**Exercise data:**
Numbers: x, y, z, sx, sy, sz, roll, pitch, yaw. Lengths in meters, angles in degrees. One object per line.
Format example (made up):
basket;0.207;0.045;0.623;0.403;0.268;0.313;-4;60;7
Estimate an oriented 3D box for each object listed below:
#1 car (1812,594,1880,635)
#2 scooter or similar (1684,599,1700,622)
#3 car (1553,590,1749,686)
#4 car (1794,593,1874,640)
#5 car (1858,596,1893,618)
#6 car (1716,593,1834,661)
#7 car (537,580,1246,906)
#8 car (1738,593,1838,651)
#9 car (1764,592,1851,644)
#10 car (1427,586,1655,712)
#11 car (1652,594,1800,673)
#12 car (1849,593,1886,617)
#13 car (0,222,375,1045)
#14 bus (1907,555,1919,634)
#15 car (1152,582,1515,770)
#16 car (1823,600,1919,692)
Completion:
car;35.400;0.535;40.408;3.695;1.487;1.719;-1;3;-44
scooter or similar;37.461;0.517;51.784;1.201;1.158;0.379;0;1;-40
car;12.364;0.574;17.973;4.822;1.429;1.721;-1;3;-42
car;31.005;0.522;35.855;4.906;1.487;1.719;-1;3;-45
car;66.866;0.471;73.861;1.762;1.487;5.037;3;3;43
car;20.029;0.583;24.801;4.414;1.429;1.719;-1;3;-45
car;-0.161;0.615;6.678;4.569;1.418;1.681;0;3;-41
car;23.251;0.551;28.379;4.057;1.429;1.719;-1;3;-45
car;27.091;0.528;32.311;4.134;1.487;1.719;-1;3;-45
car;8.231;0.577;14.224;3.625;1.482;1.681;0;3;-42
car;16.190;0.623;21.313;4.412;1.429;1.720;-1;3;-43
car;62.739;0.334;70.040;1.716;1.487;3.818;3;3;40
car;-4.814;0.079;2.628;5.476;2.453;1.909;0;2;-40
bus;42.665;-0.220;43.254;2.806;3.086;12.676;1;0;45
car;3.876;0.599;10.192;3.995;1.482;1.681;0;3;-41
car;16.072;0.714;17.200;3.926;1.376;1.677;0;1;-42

**The problem:** For every line of the material that holds the word "object", make a copy.

**Expected answer:**
Numbers: x, y, z, sx, sy, sz, roll, pitch, yaw. Lengths in meters, angles in degrees. One object per line.
Estimate an oriented 3D box for each object listed below:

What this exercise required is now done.